Optical Measurement Technology

Optical measuring techniques include, for example, industrial cameras that are directed toward the test object and are connected via a PC. The camera takes high-resolution images based on which parameters such as diameter are then calculated on the PC. The resolution extends down to the micrometer range. Optical measuring techniques are very flexible. They are suitable for a wide variety of workpieces. The principle works via the shadow edges of the objects: everything that can be depicted in the shadow can be measured using optical measurement technology. Nevertheless, the optical measurement technology has its limits: Special features such as grooves, bore holes or gear teeth in shafts cannot be reproduced this way. In these cases, it is advisable to add tactile measuring techniques to the optical measuring techniques. A measurement probe can, for example, scan and measure a gear.
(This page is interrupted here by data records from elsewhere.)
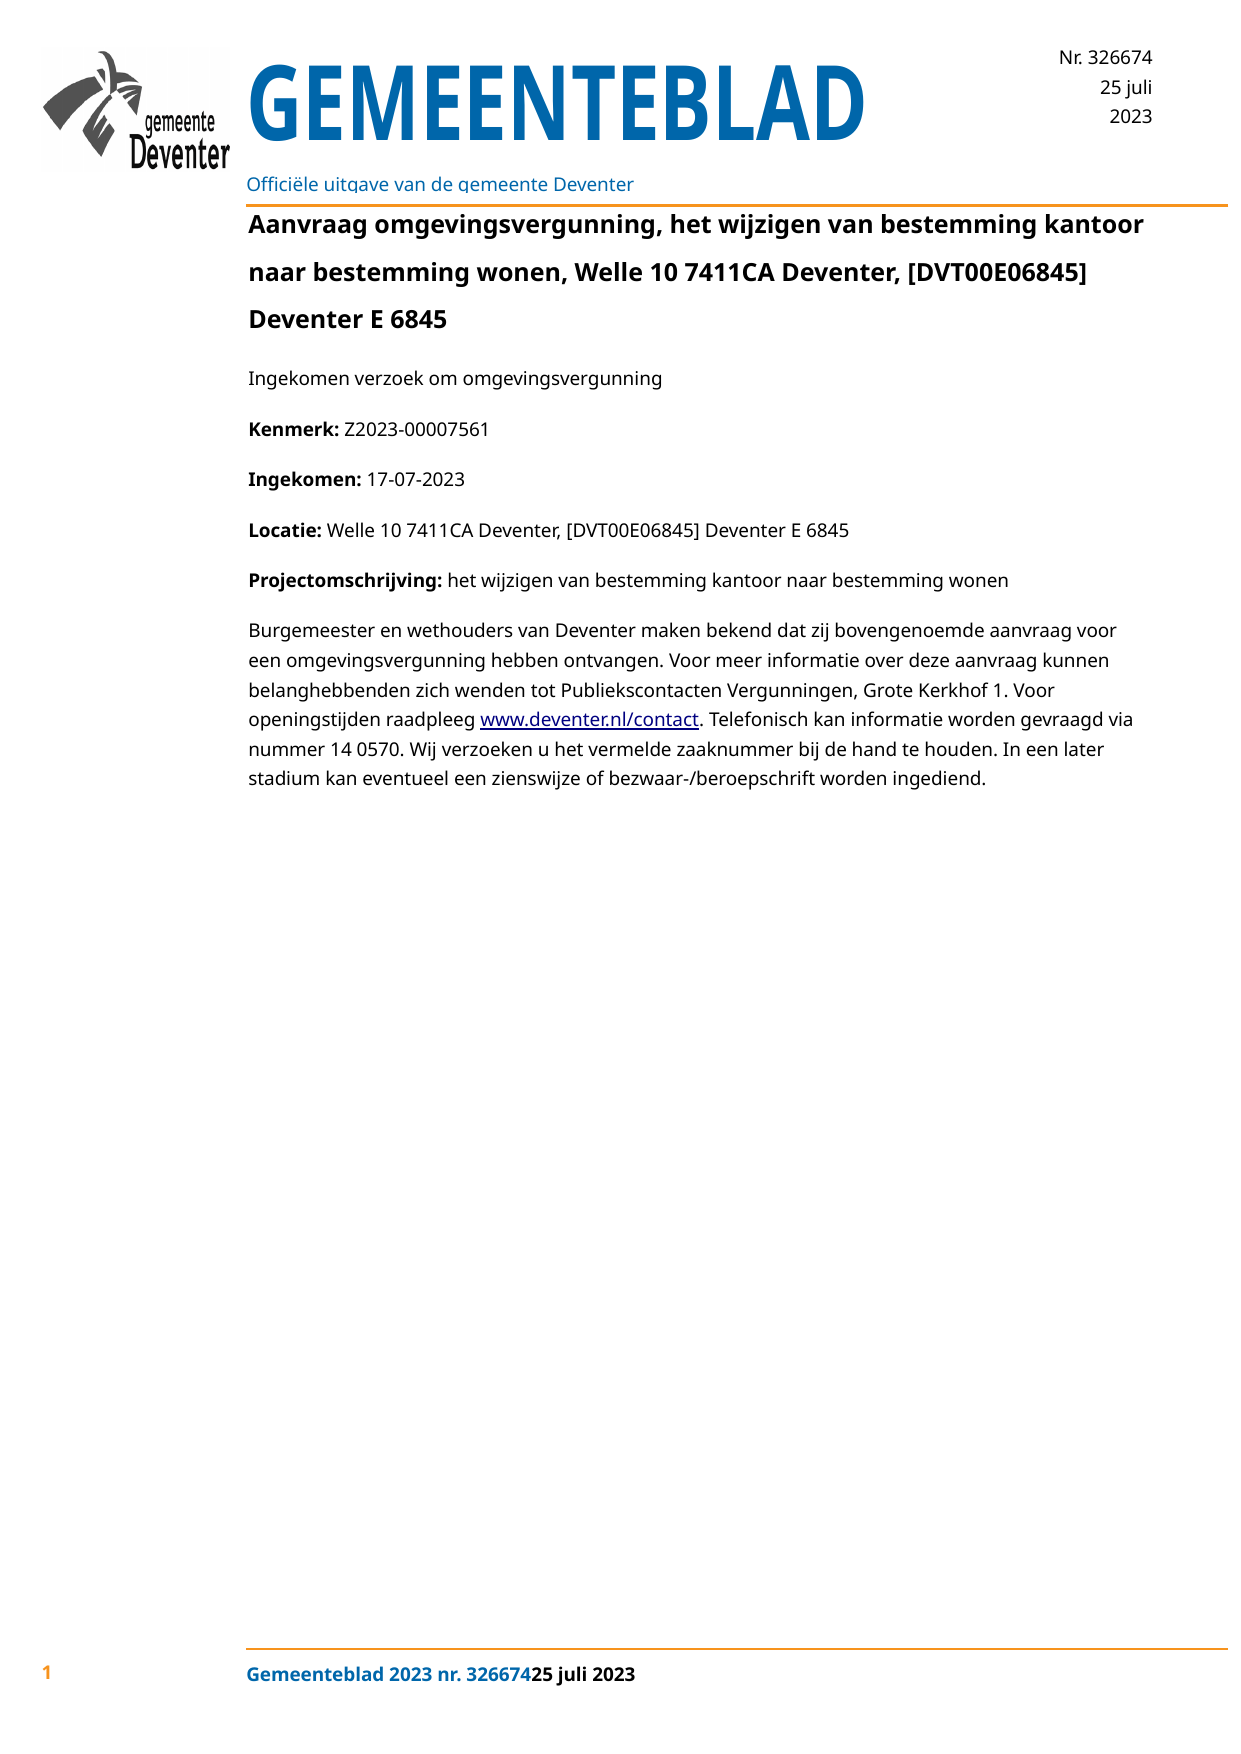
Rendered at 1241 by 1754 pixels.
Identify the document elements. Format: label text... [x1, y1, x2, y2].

text Aanvraag omgevingsvergunning, het wijzigen van bestemming kantoor naar bestemming wonen, Welle 10 7411CA Deventer, [DVT00E06845] Deventer E 6845 [248, 207, 1152, 336]
text Burgemeester en wethouders van Deventer maken bekend dat zij bovengenoemde aanvraag voor een omgevingsvergunning hebben ontvangen. Voor meer informatie over deze aanvraag kunnen belanghebbenden zich wenden tot Publiekscontacten Vergunningen, Grote Kerkhof 1. Voor openingstijden raadpleeg www.deventer.nl/contact. Telefonisch kan informatie worden gevraagd via nummer 14 0570. Wij verzoeken u het vermelde zaaknummer bij de hand te houden. In een later stadium kan eventueel een zienswijze of bezwaar-/beroepschrift worden ingediend. [248, 618, 1152, 791]
text Projectomschrijving: het wijzigen van bestemming kantoor naar bestemming wonen [248, 567, 1152, 593]
text Ingekomen: 17-07-2023 [248, 466, 1152, 492]
picture [41, 47, 231, 172]
text Kenmerk: Z2023-00007561 [248, 416, 1152, 442]
text Locatie: Welle 10 7411CA Deventer, [DVT00E06845] Deventer E 6845 [248, 517, 1152, 542]
text Ingekomen verzoek om omgevingsvergunning [248, 366, 1152, 391]
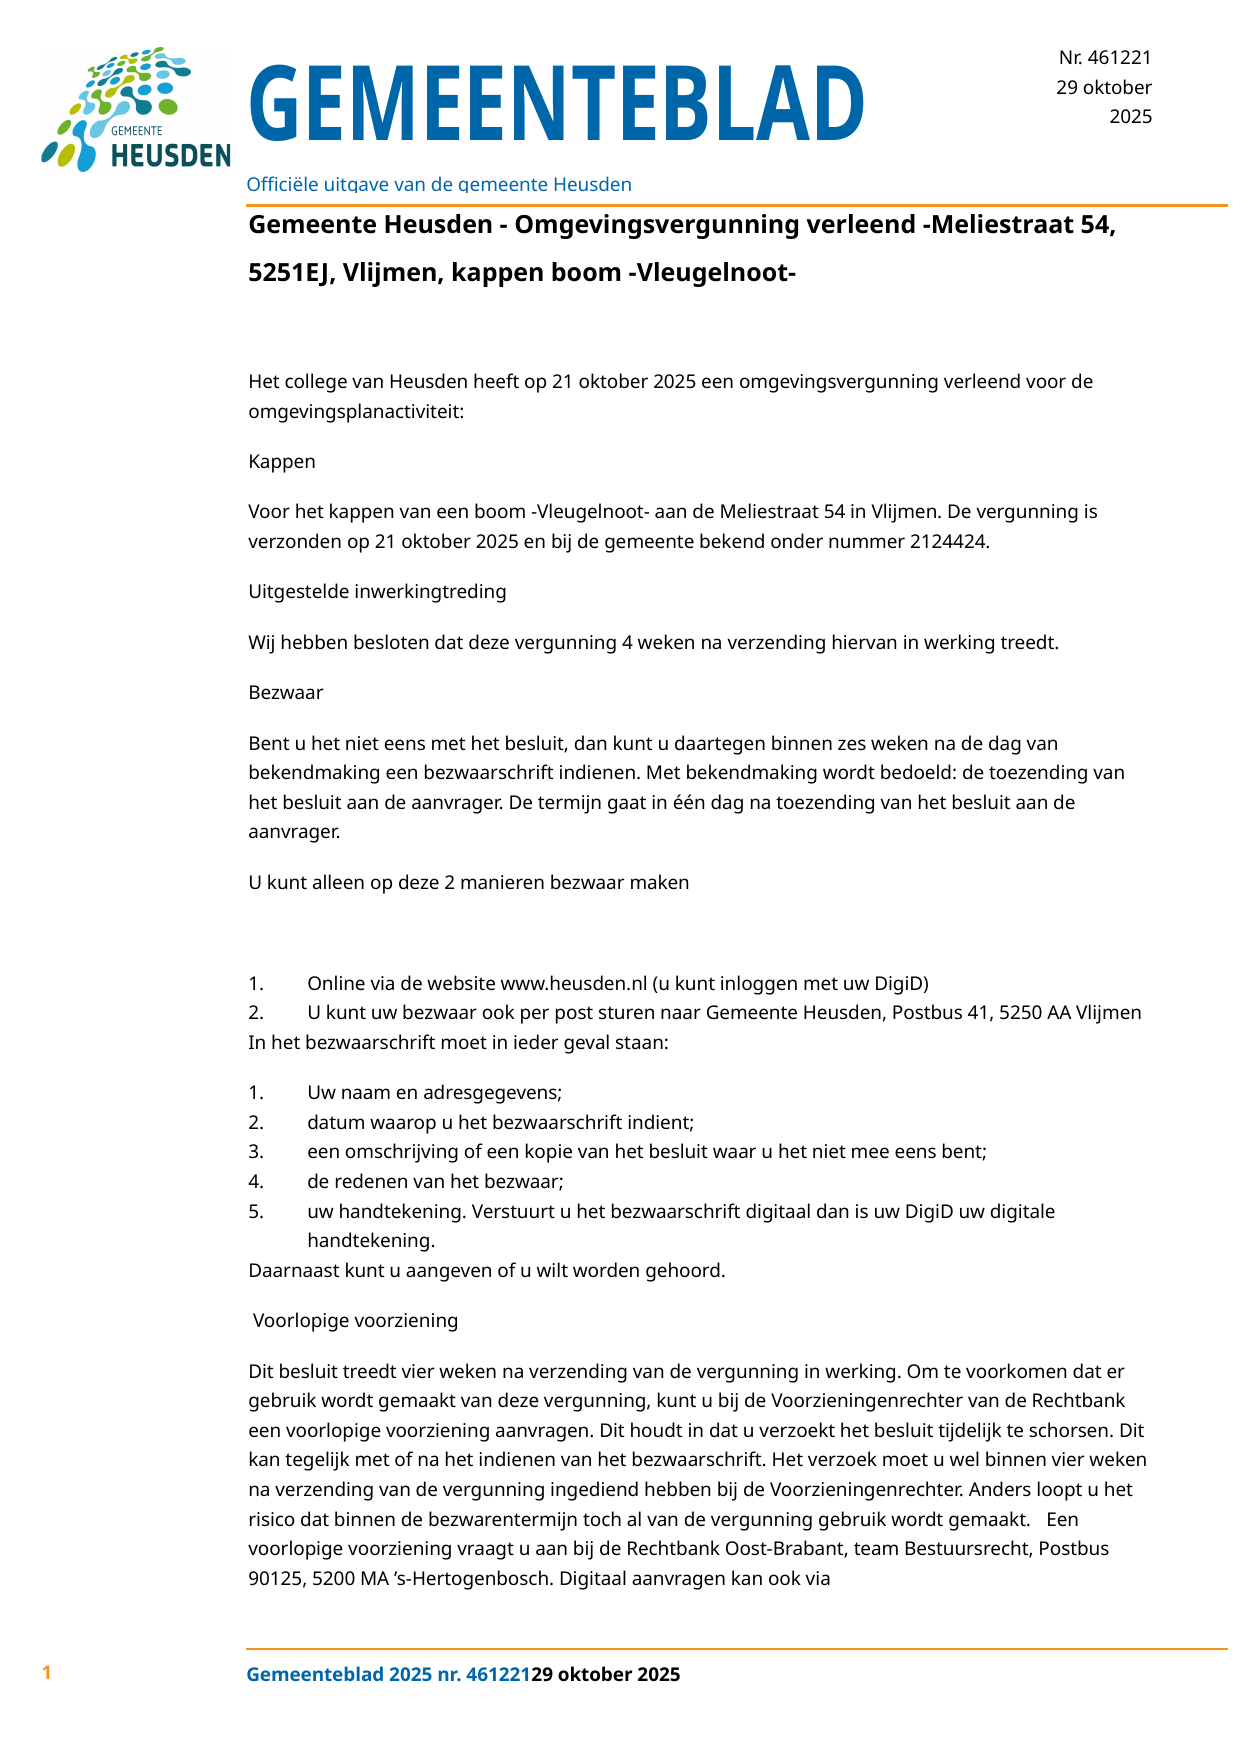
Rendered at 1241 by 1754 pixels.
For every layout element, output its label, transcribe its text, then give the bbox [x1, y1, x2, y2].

text Dit besluit treedt vier weken na verzending van de vergunning in werking. Om te voorkomen dat er gebruik wordt gemaakt van deze vergunning, kunt u bij de Voorzieningenrechter van de Rechtbank een voorlopige voorziening aanvragen. Dit houdt in dat u verzoekt het besluit tijdelijk te schorsen. Dit kan tegelijk met of na het indienen van het bezwaarschrift. Het verzoek moet u wel binnen vier weken na verzending van de vergunning ingediend hebben bij de Voorzieningenrechter. Anders loopt u het risico dat binnen de bezwarentermijn toch al van de vergunning gebruik wordt gemaakt. Een voorlopige voorziening vraagt u aan bij de Rechtbank Oost-Brabant, team Bestuursrecht, Postbus 90125, 5200 MA ’s-Hertogenbosch. Digitaal aanvragen kan ook via [248, 1358, 1152, 1591]
list Online via de website www.heusden.nl (u kunt inloggen met uw DigiD) [248, 970, 1152, 996]
text Uitgestelde inwerkingtreding [248, 579, 1152, 604]
list Uw naam en adresgegevens; [248, 1079, 1152, 1105]
text Het college van Heusden heeft op 21 oktober 2025 een omgevingsvergunning verleend voor de omgevingsplanactiviteit: [248, 368, 1152, 424]
text Kappen [248, 448, 1152, 474]
list de redenen van het bezwaar; [248, 1168, 1152, 1194]
list U kunt uw bezwaar ook per post sturen naar Gemeente Heusden, Postbus 41, 5250 AA Vlijmen [248, 999, 1152, 1025]
text Gemeente Heusden - Omgevingsvergunning verleend -Meliestraat 54, 5251EJ, Vlijmen, kappen boom -Vleugelnoot- [248, 207, 1152, 288]
text Daarnaast kunt u aangeven of u wilt worden gehoord. [248, 1257, 1152, 1283]
list datum waarop u het bezwaarschrift indient; [248, 1109, 1152, 1135]
text Bezwaar [248, 679, 1152, 705]
text Bent u het niet eens met het besluit, dan kunt u daartegen binnen zes weken na de dag van bekendmaking een bezwaarschrift indienen. Met bekendmaking wordt bedoeld: de toezending van het besluit aan de aanvrager. De termijn gaat in één dag na toezending van het besluit aan de aanvrager. [248, 730, 1152, 844]
text U kunt alleen op deze 2 manieren bezwaar maken [248, 869, 1152, 895]
list een omschrijving of een kopie van het besluit waar u het niet mee eens bent; [248, 1139, 1152, 1164]
text Wij hebben besloten dat deze vergunning 4 weken na verzending hiervan in werking treedt. [248, 629, 1152, 655]
list uw handtekening. Verstuurt u het bezwaarschrift digitaal dan is uw DigiD uw digitale handtekening. [248, 1198, 1152, 1253]
text In het bezwaarschrift moet in ieder geval staan: [248, 1029, 1152, 1055]
text Voor het kappen van een boom -Vleugelnoot- aan de Meliestraat 54 in Vlijmen. De vergunning is verzonden op 21 oktober 2025 en bij de gemeente bekend onder nummer 2124424. [248, 499, 1152, 554]
picture [41, 47, 231, 172]
text Voorlopige voorziening [248, 1307, 1152, 1333]

Acoustic Measurement Technology

Acoustic measuring techniques use various parameters such as the travel time of ultrasonic waves or reflection patterns to identify defects, irregularities or material changes. They are completely non-destructive. Ultrasonic sensors, for example, work with the propagation and reflection of sound waves. The sensor is held on one side of the workpiece, the contact surface area may be enlarged via a coupling agent such as a gel, and then the sound waves are guided into the workpiece. At the other end, they are reflected either by an attached stopper or also without one and sent back to the starting point. The transmitter then becomes the receiver. If there are now cavities in the workpiece, these would send back the reflection echo much earlier and be recorded as so-called error echo in the evaluation. Ultrasonic sensors can also be used in difficult-to-reach locations, such as bore holes.

3D Measuring Technology

In 3D measuring technology, precise three-dimensional measurements of objects are carried out. It allows collecting data about the geometric features and the spatial structure of three-dimensional objects. The 3D measurement technology can comprise various techniques such as laser scanning, fringe projection, stereovision, coordinate measuring machines (CMMs) and many others.

A coordinate measuring device works, for example, as follows: A CAD model of the workpiece to be tested is created and entered into a special software. The workpiece is then placed in the coordinate measuring device and its position is transferred to the software by means of pre-measurements. The device then traces the contours on the real workpiece using the CAD model and passes this information directly to the software. There, the actual dimensions are directly compared with the required dimensions. Any deviations found, such as tolerance exceedances, are also directly marked at this point. A prerequisite for 3D measurement technology is, of course, a well-prepared CAD model.

Digitalization of Measurement Technology

In recent years, digitalization of measurement technology has made considerable progress. This has improved efficiency, accuracy and flexibility and enabled integration into sophisticated automated manufacturing environments.

Digitalization has the following advantages:

• Networking and Integration: Measurement technology is increasingly integrated into networked systems and Industrie-4.0 environments. This enables the transmission of measurement data via the Internet of Things (IoT) and the seamless integration of measurement technology into production processes.
• Data processing and analysis: by recording measurement data digitally, highly complex calculations and statistical evaluations can be more easily created and used for well-informed decisions.
• Automation: Measurement processes can be automated (e.g. measuring devices are automatically controlled).
• 3D and image processing: More complex 3D models and surface analyses are possible.
• Remote monitoring and remote control: Measurements can be performed remotely, which is particularly useful in dangerous or environments that are difficult to access.